Give us an example of how multi-disciplinary research directly contributed to your work.
This is the most exciting part of my work, as it crosses at least three domains. First, I work on real-time learning and prediction models and systems, which are based on a solid foundation of mathematics, probability and artificial intelligence, all of which aim to simulate human learning. Secondarily, we research user behavior in our social network while preserving privacy. Finally, we work to understand advertiser behavior. Advertisers provide bids for their ads in a variety of formats. We work to optimize multiple objectives that are most suited to auction mechanics. Auction Theory is widely studied in the field of economics.
What are your thoughts on the future of STEM education?
Interest is one important key. Science, technology, engineering and mathematics are highly correlated fields. Many students may become frustrated at the complexity of an equation at the beginning. However, it is up to us to better communicate to students that an interesting problem and the search for its answer, can be both inspirational and rewarding. Once they find the beauty in STEM, it will drive students forward.
Describe the patent/publishing experience—were there any bumps along the way for you?
I have published more than twenty papers in my field. These papers mainly focus on innovative learning models and systems for user behavior understanding. For example, how to understand a user query in a search engine, to then find the best matched information and also how to understand user intent in a mobile environment with a variety of sensors. The most challenging part for me is narrowing down the topic to a concrete problem, making good assumptions and doing the required experiments. In many cases, you suddenly come up with a good idea and you do a survey. However, you may find that a paper with a similar idea has already been published or the idea does not work, even after you have spent a great deal of time on the experiments. Once we complete the research, the paper writing and publishing process has been, in my experience, quite smooth.
What has the honor of induction into Sigma Xi meant to you?
It was a great honor for me to be accepted as a member. It meant that my work was not only recognized by those in my own field, but also in a broader research Society. My acceptance continues to stimulate me to move forward in my research.
Has Sigma Xi helped further your career? If so, how? If you haven’t started your career yet, how do you believe Sigma Xi will serve you in the future?
Sigma Xi has helped me broaden my vision in multi-disciplinary research. It inspires me to think out of the box when I meet challenging problems.
What books are you currently reading for pleasure?
I have not read any books recently. I read articles and news on the Internet. The material I enjoy most includes the topics of entertainment, economy and science.
When you're not working on your research, what do you do in your free time?
I am into hiking. We are fortunate to have good weather here in the San Francisco Bay area with access to a lot of hiking trails.
What’s your favorite movie?
I have several favorite movies. "The Shawshank Redemption" is my favorite. "Source Code" and "Inception" are also at the top of my list.

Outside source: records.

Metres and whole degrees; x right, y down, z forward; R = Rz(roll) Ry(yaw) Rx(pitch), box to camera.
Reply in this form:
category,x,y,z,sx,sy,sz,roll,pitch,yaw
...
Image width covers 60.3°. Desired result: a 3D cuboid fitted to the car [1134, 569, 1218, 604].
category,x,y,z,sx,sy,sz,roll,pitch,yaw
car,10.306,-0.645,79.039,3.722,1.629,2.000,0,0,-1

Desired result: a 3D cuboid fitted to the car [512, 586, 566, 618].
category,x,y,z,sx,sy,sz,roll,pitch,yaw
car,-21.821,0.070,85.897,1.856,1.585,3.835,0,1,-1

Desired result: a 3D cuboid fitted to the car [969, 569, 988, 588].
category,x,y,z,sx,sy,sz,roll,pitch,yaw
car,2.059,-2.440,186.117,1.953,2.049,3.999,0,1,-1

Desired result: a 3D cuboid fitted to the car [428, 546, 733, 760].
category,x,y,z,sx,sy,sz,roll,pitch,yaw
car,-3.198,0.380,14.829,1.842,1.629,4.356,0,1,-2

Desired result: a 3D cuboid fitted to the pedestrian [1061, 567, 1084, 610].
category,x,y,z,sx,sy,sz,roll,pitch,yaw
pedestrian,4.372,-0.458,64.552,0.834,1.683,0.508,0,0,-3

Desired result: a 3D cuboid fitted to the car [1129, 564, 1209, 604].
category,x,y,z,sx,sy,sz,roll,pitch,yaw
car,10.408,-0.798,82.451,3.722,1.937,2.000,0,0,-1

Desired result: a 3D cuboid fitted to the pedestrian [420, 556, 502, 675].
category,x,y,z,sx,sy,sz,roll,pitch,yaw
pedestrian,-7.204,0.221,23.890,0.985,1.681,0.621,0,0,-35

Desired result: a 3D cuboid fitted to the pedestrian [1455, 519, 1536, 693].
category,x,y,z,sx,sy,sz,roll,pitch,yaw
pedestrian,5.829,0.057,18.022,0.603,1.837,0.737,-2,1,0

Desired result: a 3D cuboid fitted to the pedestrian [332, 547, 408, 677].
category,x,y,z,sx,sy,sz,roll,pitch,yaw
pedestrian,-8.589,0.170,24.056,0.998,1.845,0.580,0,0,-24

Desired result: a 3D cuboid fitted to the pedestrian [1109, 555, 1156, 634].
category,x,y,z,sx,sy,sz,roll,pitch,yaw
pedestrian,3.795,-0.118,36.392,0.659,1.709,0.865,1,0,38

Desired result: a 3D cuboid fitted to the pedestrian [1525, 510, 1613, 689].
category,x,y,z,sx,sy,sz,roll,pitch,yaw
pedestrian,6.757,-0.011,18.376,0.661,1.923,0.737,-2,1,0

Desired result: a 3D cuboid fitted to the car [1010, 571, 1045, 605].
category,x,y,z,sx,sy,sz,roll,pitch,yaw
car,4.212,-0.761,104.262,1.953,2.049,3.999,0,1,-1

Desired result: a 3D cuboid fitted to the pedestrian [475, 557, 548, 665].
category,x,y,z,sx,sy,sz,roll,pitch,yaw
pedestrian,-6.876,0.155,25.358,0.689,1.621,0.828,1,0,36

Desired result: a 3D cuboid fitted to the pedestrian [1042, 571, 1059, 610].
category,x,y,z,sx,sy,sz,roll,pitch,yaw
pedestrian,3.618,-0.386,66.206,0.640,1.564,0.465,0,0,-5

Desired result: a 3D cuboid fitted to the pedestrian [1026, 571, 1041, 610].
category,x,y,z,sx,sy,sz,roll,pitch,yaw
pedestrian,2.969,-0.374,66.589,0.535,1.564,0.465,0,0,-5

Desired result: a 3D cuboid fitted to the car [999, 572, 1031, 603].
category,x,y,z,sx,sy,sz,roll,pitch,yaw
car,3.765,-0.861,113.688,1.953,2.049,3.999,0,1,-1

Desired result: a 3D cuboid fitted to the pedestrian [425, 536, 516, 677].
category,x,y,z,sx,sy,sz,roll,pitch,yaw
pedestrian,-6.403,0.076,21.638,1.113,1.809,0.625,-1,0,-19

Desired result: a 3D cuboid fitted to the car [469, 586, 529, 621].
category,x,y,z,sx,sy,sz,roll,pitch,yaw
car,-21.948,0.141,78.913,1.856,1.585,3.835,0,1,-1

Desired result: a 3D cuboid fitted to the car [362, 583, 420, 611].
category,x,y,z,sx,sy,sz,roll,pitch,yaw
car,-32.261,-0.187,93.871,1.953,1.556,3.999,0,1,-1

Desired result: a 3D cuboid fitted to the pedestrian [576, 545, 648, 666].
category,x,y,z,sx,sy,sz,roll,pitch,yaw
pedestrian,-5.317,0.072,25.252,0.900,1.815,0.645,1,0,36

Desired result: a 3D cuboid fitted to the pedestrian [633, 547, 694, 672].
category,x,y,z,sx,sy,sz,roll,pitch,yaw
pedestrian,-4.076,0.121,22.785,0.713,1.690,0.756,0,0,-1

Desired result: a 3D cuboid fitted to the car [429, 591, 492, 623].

What is your favorite motto?
"Many of life's failures are people who did not realize how close they were to success when they gave up." —Thomas Edison
What advice would you give a young researcher just starting out in your field?
Find an interesting problem that inspires you, it will push you forward.
Sigma Xi just celebrated its 125th year. What advances do you see in your field of research over the next 125 years?
Honestly, I feel better talking about the next decade. In the fields of machine learning and data mining, one direction is big data. As the information thrives, there will be more and more available data in various volume and formats. How to extract and represent the knowledge in a super large scale and fast changing environment is an ongoing challenge in my field of research.